> [Data entries]
______
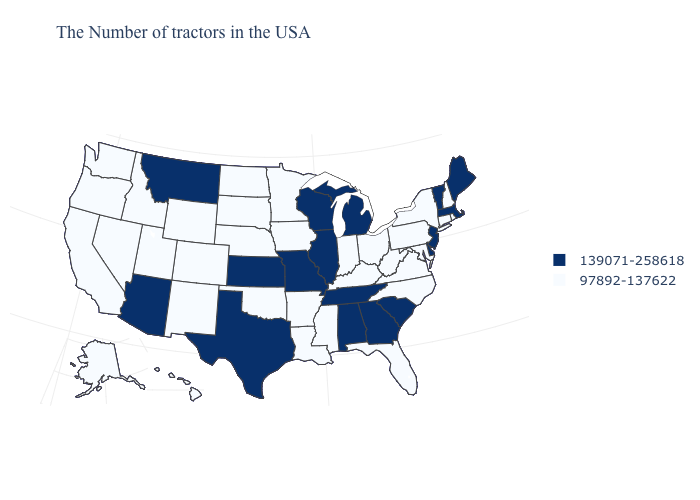Name the states that have a value in the range 97892-137622?
Short answer required. Rhode Island, New Hampshire, Connecticut, New York, Maryland, Pennsylvania, Virginia, North Carolina, West Virginia, Ohio, Florida, Kentucky, Indiana, Mississippi, Louisiana, Arkansas, Minnesota, Iowa, Nebraska, Oklahoma, South Dakota, North Dakota, Wyoming, Colorado, New Mexico, Utah, Idaho, Nevada, California, Washington, Oregon, Alaska, Hawaii. Is the legend a continuous bar?
Quick response, please. No. Does Maryland have the highest value in the USA?
Answer briefly. No. Does the first symbol in the legend represent the smallest category?
Be succinct. No. Among the states that border North Carolina , which have the highest value?
Quick response, please. South Carolina, Georgia, Tennessee. How many symbols are there in the legend?
Quick response, please. 2. What is the value of New York?
Give a very brief answer. 97892-137622. Which states have the lowest value in the West?
Short answer required. Wyoming, Colorado, New Mexico, Utah, Idaho, Nevada, California, Washington, Oregon, Alaska, Hawaii. What is the value of Wyoming?
Keep it brief. 97892-137622. What is the lowest value in states that border Texas?
Be succinct. 97892-137622. Does Tennessee have the lowest value in the USA?
Be succinct. No. Does Alabama have the lowest value in the South?
Answer briefly. No. What is the value of Arizona?
Give a very brief answer. 139071-258618. Among the states that border Maryland , which have the lowest value?
Write a very short answer. Pennsylvania, Virginia, West Virginia. Does Massachusetts have the lowest value in the Northeast?
Concise answer only. No. 
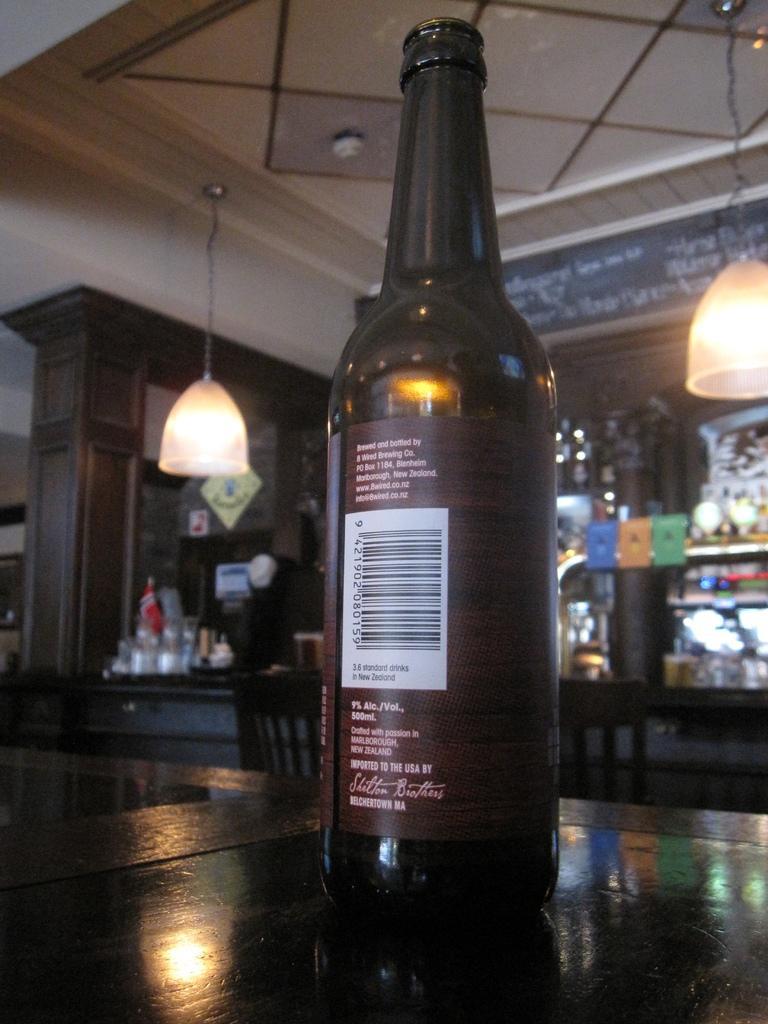Please provide a concise description of this image. In the image there is a wine bottle on the table and over the background there are lights hanging and it seems to be a bar area. 
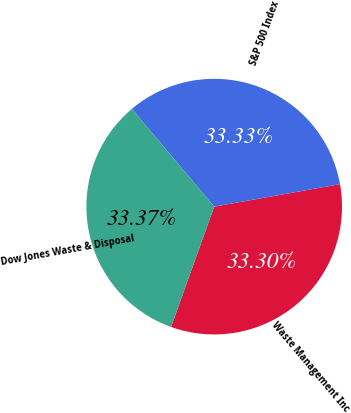<chart> <loc_0><loc_0><loc_500><loc_500><pie_chart><fcel>Waste Management Inc<fcel>S&P 500 Index<fcel>Dow Jones Waste & Disposal<nl><fcel>33.3%<fcel>33.33%<fcel>33.37%<nl></chart> 
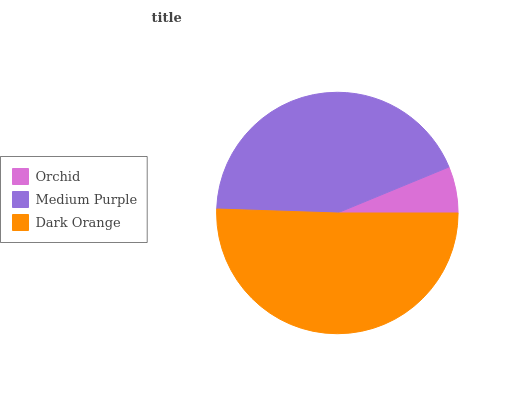Is Orchid the minimum?
Answer yes or no. Yes. Is Dark Orange the maximum?
Answer yes or no. Yes. Is Medium Purple the minimum?
Answer yes or no. No. Is Medium Purple the maximum?
Answer yes or no. No. Is Medium Purple greater than Orchid?
Answer yes or no. Yes. Is Orchid less than Medium Purple?
Answer yes or no. Yes. Is Orchid greater than Medium Purple?
Answer yes or no. No. Is Medium Purple less than Orchid?
Answer yes or no. No. Is Medium Purple the high median?
Answer yes or no. Yes. Is Medium Purple the low median?
Answer yes or no. Yes. Is Orchid the high median?
Answer yes or no. No. Is Orchid the low median?
Answer yes or no. No. 
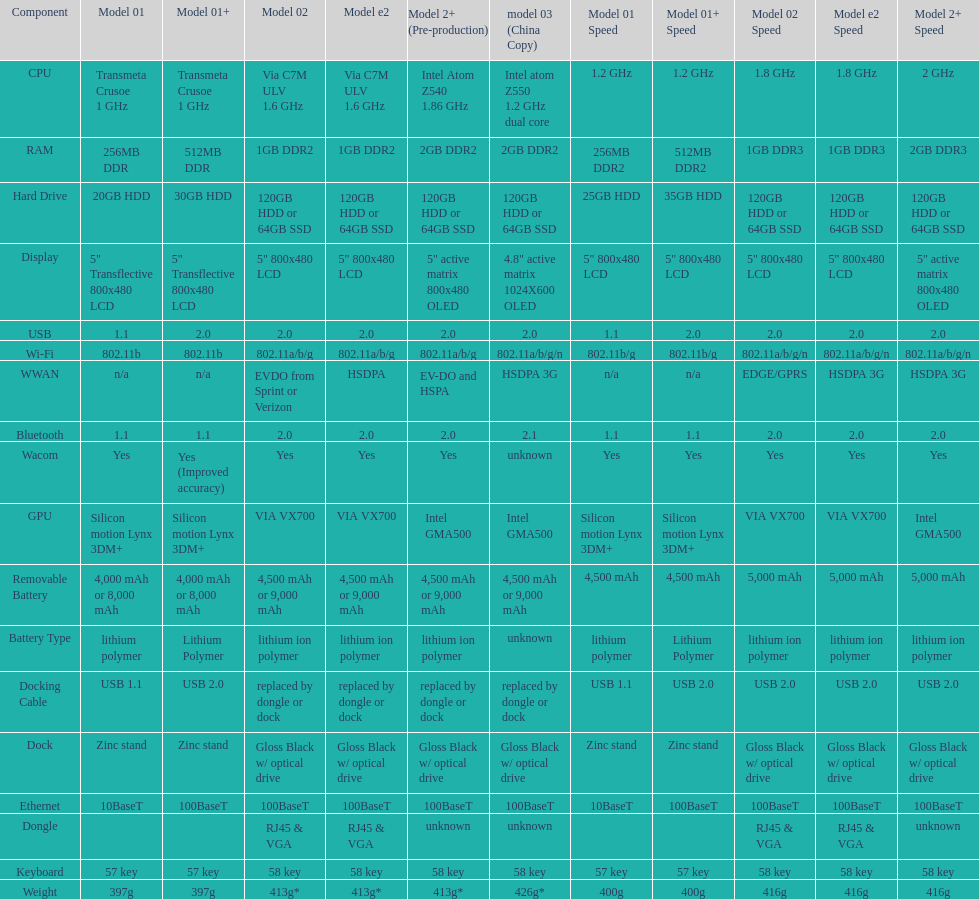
______
> [WHAT TO WORK ON] Read the entries and select each line where the word "required" is found.

> [ANSWER TO THIS TASK]
Short answer required. Rhode Island, New Hampshire, Connecticut, New York, Maryland, Pennsylvania, Virginia, North Carolina, West Virginia, Ohio, Florida, Kentucky, Indiana, Mississippi, Louisiana, Arkansas, Minnesota, Iowa, Nebraska, Oklahoma, South Dakota, North Dakota, Wyoming, Colorado, New Mexico, Utah, Idaho, Nevada, California, Washington, Oregon, Alaska, Hawaii. Is the legend a continuous bar?
Short answer required. Wyoming, Colorado, New Mexico, Utah, Idaho, Nevada, California, Washington, Oregon, Alaska, Hawaii. What is the value of Wyoming?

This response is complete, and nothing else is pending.